Directions:
How many lines in the data that follows contain the word "instances"? Only that number is needed.

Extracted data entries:
◆ ◆ ◆

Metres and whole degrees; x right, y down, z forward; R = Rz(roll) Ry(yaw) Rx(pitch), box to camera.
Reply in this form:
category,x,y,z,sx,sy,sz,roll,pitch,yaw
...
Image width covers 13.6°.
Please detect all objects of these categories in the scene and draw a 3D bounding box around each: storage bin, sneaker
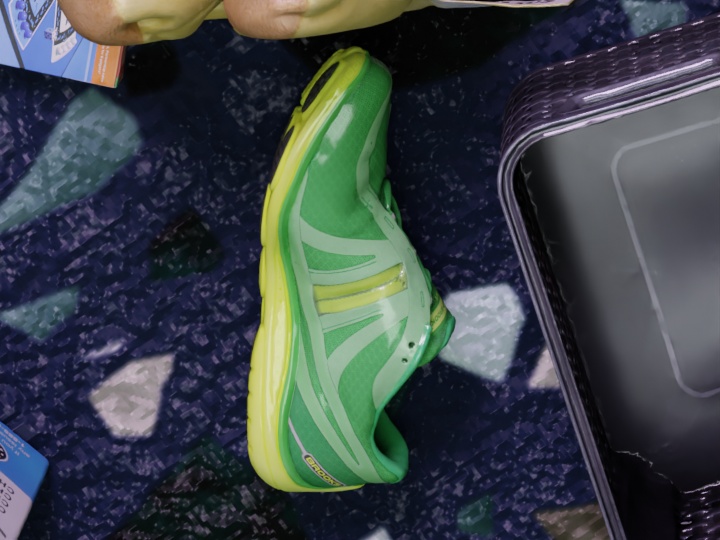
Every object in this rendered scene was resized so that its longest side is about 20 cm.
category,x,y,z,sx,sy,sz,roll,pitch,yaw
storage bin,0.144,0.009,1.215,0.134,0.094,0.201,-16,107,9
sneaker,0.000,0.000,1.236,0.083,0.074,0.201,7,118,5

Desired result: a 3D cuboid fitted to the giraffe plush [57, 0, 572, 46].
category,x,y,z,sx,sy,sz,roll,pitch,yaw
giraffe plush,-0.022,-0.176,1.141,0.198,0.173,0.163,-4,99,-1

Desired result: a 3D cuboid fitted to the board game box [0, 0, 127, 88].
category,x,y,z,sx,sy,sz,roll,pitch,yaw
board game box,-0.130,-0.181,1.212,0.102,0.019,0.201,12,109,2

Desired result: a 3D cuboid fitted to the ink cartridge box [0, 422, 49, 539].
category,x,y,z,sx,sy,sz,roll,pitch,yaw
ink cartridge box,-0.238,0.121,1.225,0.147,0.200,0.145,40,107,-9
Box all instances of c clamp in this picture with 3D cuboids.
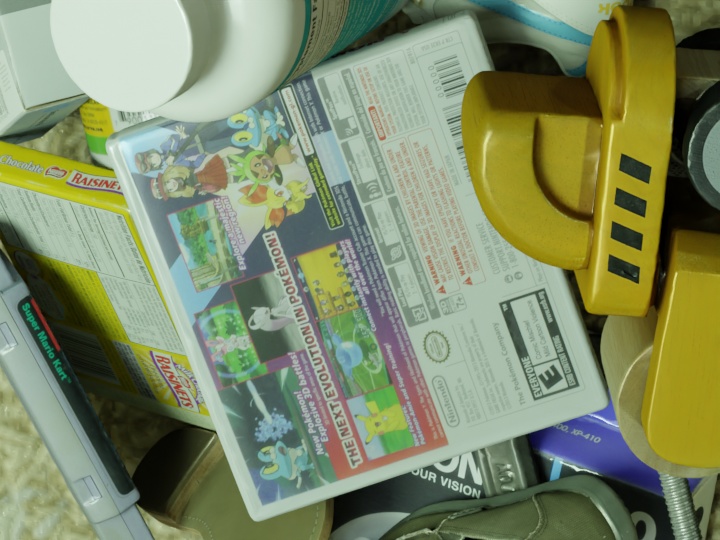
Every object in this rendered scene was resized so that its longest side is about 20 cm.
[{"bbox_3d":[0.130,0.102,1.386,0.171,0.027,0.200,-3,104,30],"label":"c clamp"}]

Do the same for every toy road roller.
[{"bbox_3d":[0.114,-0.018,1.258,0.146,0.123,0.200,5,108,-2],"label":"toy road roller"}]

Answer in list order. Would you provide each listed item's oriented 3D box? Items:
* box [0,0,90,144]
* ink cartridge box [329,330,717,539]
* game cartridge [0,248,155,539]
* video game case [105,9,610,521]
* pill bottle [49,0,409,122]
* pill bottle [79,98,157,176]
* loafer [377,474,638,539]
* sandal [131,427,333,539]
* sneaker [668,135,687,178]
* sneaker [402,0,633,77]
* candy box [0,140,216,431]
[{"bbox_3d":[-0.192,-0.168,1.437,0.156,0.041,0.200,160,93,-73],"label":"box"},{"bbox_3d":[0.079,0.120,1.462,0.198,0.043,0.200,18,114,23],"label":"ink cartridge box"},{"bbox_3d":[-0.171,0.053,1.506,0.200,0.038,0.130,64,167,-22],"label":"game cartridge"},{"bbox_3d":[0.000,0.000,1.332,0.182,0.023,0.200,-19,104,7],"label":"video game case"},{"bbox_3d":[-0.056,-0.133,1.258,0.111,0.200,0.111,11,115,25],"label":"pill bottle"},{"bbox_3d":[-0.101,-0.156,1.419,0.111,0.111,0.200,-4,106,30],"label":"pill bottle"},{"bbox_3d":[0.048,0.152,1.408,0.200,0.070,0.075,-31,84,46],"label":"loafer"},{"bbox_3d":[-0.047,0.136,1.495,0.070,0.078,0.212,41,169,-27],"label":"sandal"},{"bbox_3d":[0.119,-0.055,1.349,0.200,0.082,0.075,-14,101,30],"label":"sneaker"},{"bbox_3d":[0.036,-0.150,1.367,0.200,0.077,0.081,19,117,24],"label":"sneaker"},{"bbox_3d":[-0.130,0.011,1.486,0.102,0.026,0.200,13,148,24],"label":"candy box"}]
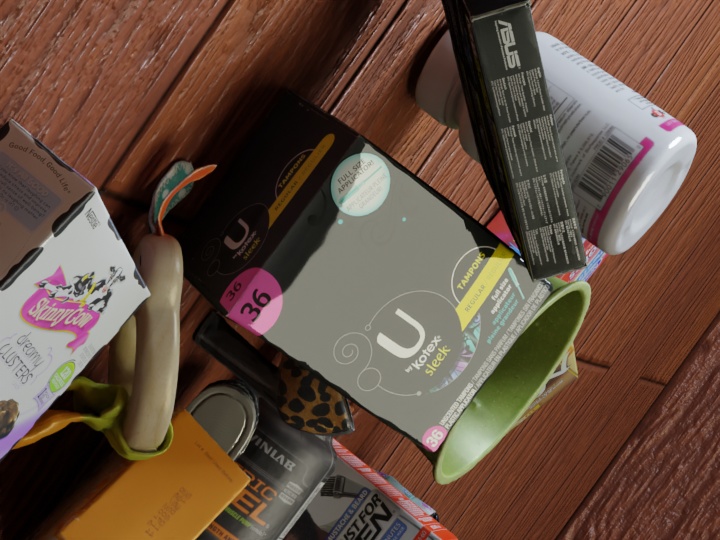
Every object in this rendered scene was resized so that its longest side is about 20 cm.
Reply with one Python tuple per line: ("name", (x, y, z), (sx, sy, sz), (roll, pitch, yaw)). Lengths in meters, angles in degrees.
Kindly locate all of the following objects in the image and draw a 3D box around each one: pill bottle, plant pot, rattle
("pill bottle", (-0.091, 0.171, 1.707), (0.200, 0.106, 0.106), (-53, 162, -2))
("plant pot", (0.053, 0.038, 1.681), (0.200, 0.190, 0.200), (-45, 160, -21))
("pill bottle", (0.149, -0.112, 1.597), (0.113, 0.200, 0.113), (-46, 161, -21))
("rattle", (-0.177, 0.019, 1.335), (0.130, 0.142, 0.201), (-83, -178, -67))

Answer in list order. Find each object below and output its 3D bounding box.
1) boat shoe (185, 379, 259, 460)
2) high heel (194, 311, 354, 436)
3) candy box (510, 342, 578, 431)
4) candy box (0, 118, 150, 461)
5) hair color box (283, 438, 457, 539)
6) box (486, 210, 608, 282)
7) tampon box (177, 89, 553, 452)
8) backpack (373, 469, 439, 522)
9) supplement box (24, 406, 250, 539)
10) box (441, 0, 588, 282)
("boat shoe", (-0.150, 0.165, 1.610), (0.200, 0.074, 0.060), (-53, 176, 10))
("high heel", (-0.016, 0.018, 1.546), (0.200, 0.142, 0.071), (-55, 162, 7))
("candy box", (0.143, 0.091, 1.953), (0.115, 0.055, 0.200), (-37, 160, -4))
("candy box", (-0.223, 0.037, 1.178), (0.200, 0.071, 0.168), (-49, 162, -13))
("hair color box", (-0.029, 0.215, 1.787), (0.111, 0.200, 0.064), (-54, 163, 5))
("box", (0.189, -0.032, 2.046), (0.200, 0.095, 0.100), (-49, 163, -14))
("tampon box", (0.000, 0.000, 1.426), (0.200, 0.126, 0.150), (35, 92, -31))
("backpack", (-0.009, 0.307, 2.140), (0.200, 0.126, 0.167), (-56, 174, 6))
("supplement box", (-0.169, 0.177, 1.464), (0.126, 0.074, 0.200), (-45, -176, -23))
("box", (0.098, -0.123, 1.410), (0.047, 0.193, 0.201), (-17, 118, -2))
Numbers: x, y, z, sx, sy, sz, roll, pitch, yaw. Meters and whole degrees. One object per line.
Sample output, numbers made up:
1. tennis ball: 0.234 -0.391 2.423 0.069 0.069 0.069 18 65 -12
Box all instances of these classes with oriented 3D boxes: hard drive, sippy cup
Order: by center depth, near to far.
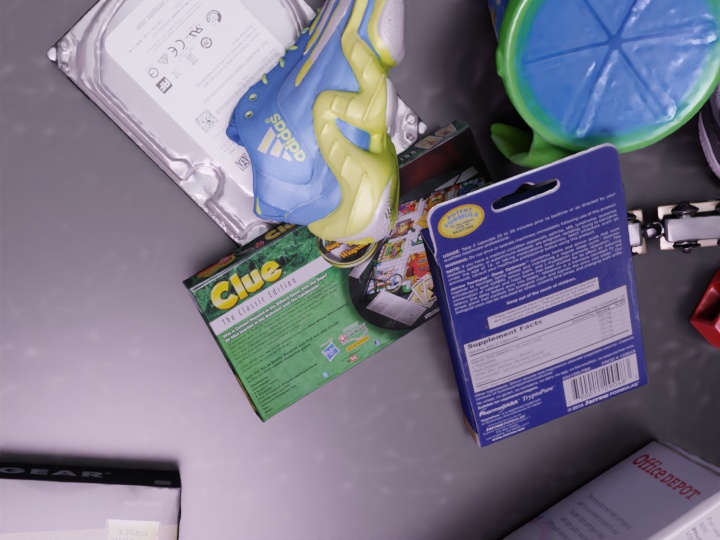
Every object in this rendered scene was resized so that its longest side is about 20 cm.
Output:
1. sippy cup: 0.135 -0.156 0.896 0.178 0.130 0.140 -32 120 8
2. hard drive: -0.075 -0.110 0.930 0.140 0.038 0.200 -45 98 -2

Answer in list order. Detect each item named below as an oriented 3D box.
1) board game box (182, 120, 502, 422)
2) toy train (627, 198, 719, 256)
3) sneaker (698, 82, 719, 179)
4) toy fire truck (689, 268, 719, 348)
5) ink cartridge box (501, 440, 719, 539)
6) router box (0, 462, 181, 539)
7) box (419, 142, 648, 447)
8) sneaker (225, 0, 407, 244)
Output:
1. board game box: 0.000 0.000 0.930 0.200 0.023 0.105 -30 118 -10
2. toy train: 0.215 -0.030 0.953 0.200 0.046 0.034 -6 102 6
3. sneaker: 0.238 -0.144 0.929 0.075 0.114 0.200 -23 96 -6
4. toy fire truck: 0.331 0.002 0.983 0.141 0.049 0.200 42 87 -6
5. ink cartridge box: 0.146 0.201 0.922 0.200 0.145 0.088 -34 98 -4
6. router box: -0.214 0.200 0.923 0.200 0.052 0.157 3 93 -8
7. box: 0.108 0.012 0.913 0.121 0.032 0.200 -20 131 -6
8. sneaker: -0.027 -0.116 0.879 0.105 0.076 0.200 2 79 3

◆ ◆ ◆

Response box:
2